Vast staat dat [gedaagde] dit bedrag niet (tijdig) heeft betaald, zodat de gevorderde wettelijke rente voor toewijzing in aanmerking komt.
5.13.
Zilveren Kruis vordert een bedrag van € 459,85 aan buitengerechtelijke kosten. De gevorderde buitengerechtelijke kosten zijn hoger dan het bedrag dat de eisende partij in de verzonden aanmaning van 3 augustus 2021 heeft vermeld. Gelet op artikel 6:96 lid 6 BW zijn die kosten slechts toewijsbaar tot het in die aanmaning genoemde lagere bedrag van € 61,13 inclusief btw.
5.14.
De proceskosten komen voor rekening van [gedaagde] , omdat hij hoofdzakelijk ongelijk krijgt. De kantonrechter ziet in de omstandigheden van het geval aanleiding om uit te gaan van het salaris gemachtigde dat hoort bij het in de dagvaarding gevorderde bedrag. De kantonrechter merkt ter informatie van [gedaagde] nog op dat het gebruikelijk is dat ieder de eigen proceskosten betaalt wanneer partijen een regeling treffen.
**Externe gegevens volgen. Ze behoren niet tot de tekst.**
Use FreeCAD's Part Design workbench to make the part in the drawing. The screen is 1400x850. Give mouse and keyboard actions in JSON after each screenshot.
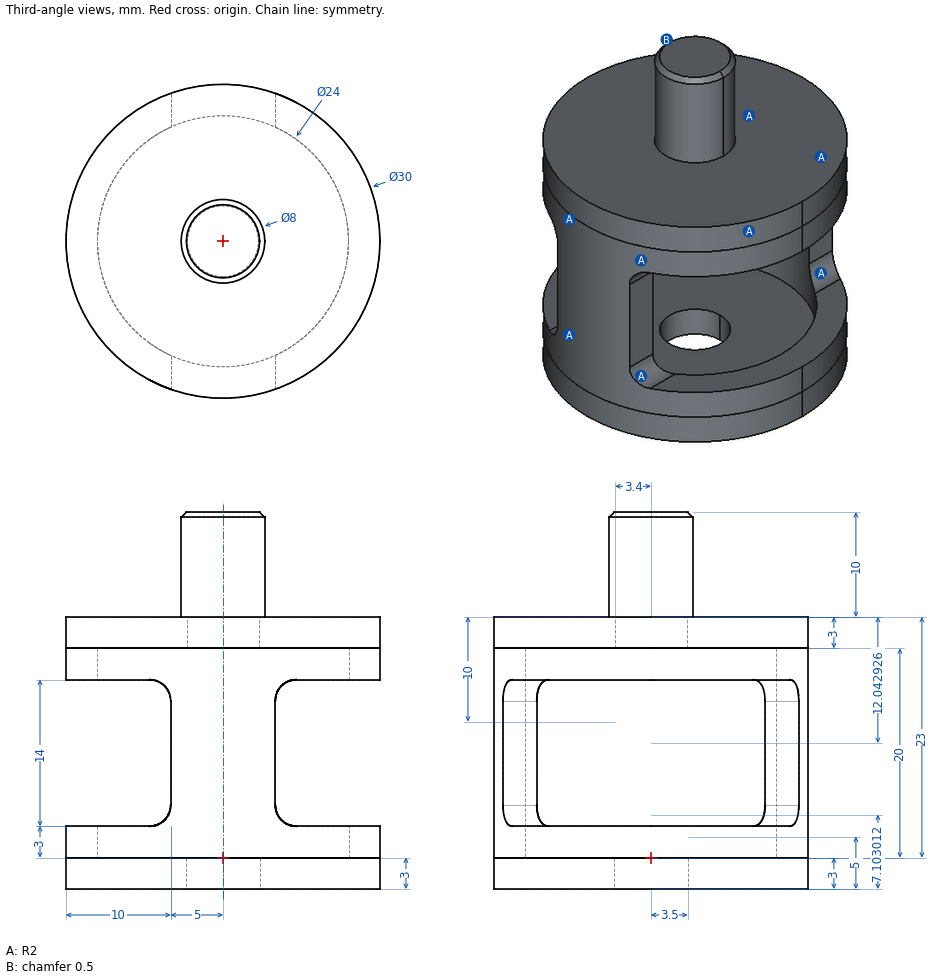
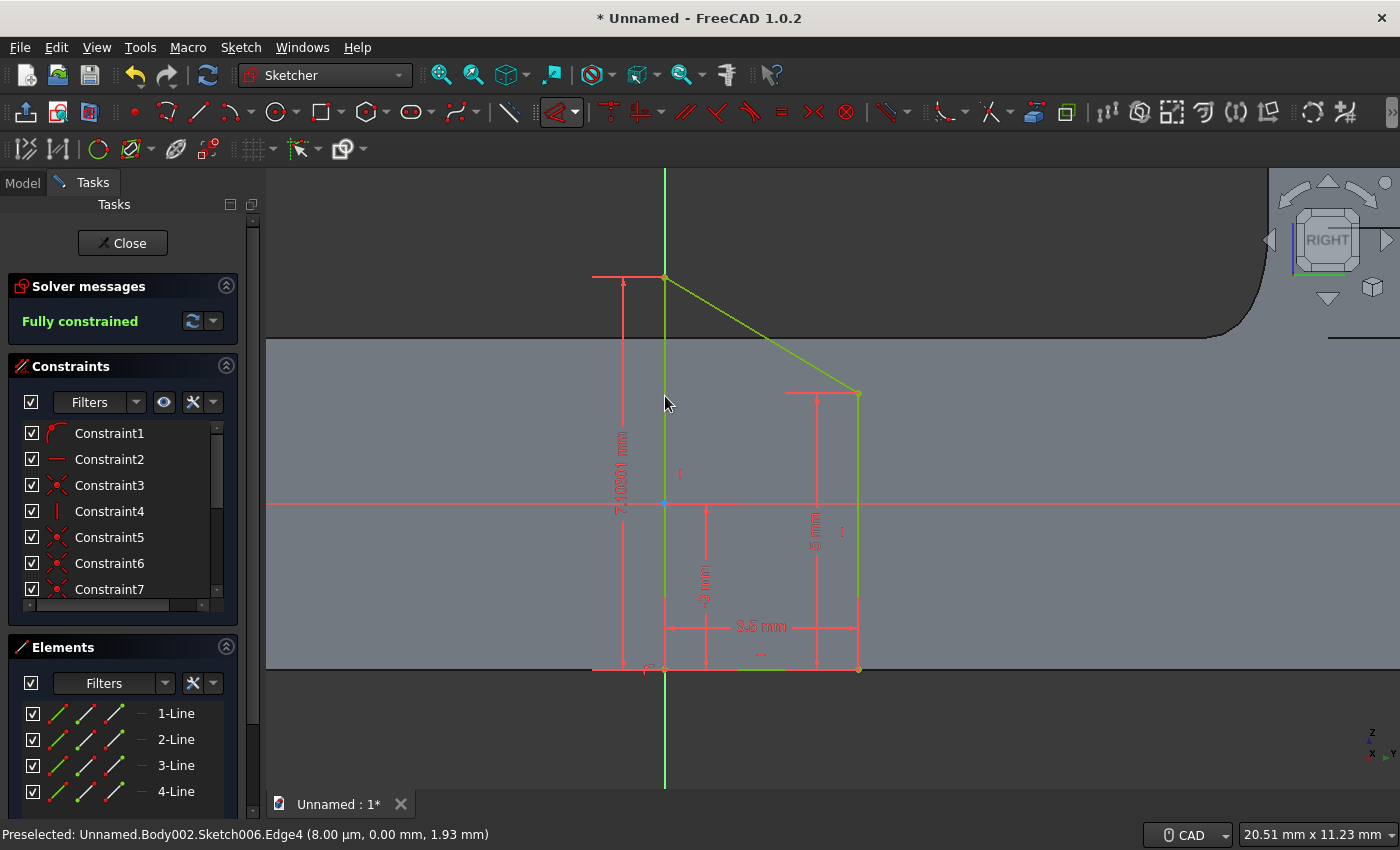
{"action": "left_click", "coordinate": [123, 243]}

Daar was het voorlopig oordeel van de kantonrechter ter zitting over het door [gedaagde] te betalen bedrag ook op gebaseerd. Dat is echter anders wanneer een vonnis wordt gewezen.
5.15.
Anders dan [gedaagde] kennelijk meent, zijn partijen geen betalingsregeling overeengekomen. Partijen waren hierover wel in gesprek en ter zitting heeft Zilveren Kruis aangegeven dat zij daartoe nog steeds open staat. Voor zover [gedaagde] een betalingsregeling wenst, dan dient hij contact op te nemen met (de gemachtigde van) Zilveren Kruis. Het is niet aan de kantonrechter om een betalingsregeling vast te stellen.

6.De beslissing

De kantonrechter:
6.1.
veroordeelt [gedaagde] tot betaling aan Zilveren Kruis van € 2.523,56, te vermeerderen met de wettelijke rente over € 2.462,43 vanaf de vervaldatum van de onderscheidenlijke nota’s tot aan de dag van de gehele betaling;
6.2.
veroordeelt [gedaagde] tot betaling van de proceskosten, die de kantonrechter aan de kant van Zilveren Kruis tot en met vandaag vaststelt op:
dagvaarding € 123,60
griffierecht € 507,00
salaris gemachtigde € 150,00 ;
6.3.
verklaart dit vonnis uitvoerbaar bij voorraad;
6.4.
wijst de vordering voor het overige af.
Dit vonnis is gewezen door mr. B. Voogd en op bovengenoemde datum in het openbaar uitgesproken in aanwezigheid van de griffier.